The Grotto of Hope
A book review of April’s Book of the Month: The Song of Bernadette by Franz Werfel. Originally published in the April issue of Tracce.“Reciting the rosary is a kind of heavenly manual work; an invisible sewing or knitting or embroidering, done quickly through the fifty Hail Marys on a crown of little pearls.” Bernadette Soubirous is in the presence of Mary. There has sprung up in her “a spring of clear sympathy, of an ancient covenant…the awareness of a moving connection.” And then, the young girl makes the easiest and most immediate gesture that comes to her mind: she puts her hand quickly into the bag that she always carries with her and pulls out the rosary. “This is certainly a sure means to detain the Lady. And nothing is more important.”
In the seventh chapter of the novel The Song of Bernadette, the Czech writer Franz Werfel recounts the first encounter between Mary and the little French mountain girl at the grotto of Massabielle, a short distance from Lourdes. “I dared sing the song of Bernadette, I who am not Catholic but Jewish,” we read in the introduction to the first edition of the book, in 1941. The year before, he was in France, where he risked being trapped by the Nazi invasion. He fled together with a multitude of “creatures dragged along in that strange migration of peoples,” finding refuge providentially in Lourdes, where he would stay with his wife for seven weeks. In the small town of the Pyrenees, the Jewish writer became aware of the story of Bernadette and of the “marvelous healings” that occurred in that lost back country of Europe. “One day,” he recalls, “disturbed as I was, I made a vow. If I came out of that desperate situation…I would, before any other work, sing the song of Bernadette as best as I could.”

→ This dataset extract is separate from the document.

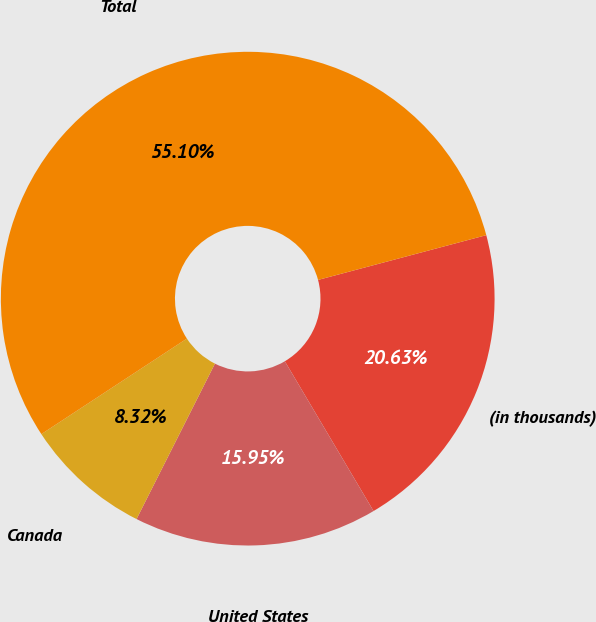<chart> <loc_0><loc_0><loc_500><loc_500><pie_chart><fcel>(in thousands)<fcel>United States<fcel>Canada<fcel>Total<nl><fcel>20.63%<fcel>15.95%<fcel>8.32%<fcel>55.11%<nl></chart>

This novel is therefore an act of thanksgiving for a gift that was freely given. The appreciative narration of events whose truth “is attested, in faithful testimony, by friends, by enemies, and by dispassionate observers.” The report of the “moving connection” between the Mother of Jesus and an illiterate young girl. The story of the preference that “nothing be lost,” that everything be saved “in any circumstance of life,” as Father Giussani explained: “The response to this election is to pray as much as we are able. Our response is a prayer, not a particular capacity; it is simply the movement of prayer…The Christian people, for centuries, has been blessed and confirmed in its stretching out toward salvation, I think, especially by one thing: the Holy Rosary. The Rosary is like a synthesis of everything that the Christian people are capable of thinking and saying about Christ.” This is the song of Bernadette. And also of us.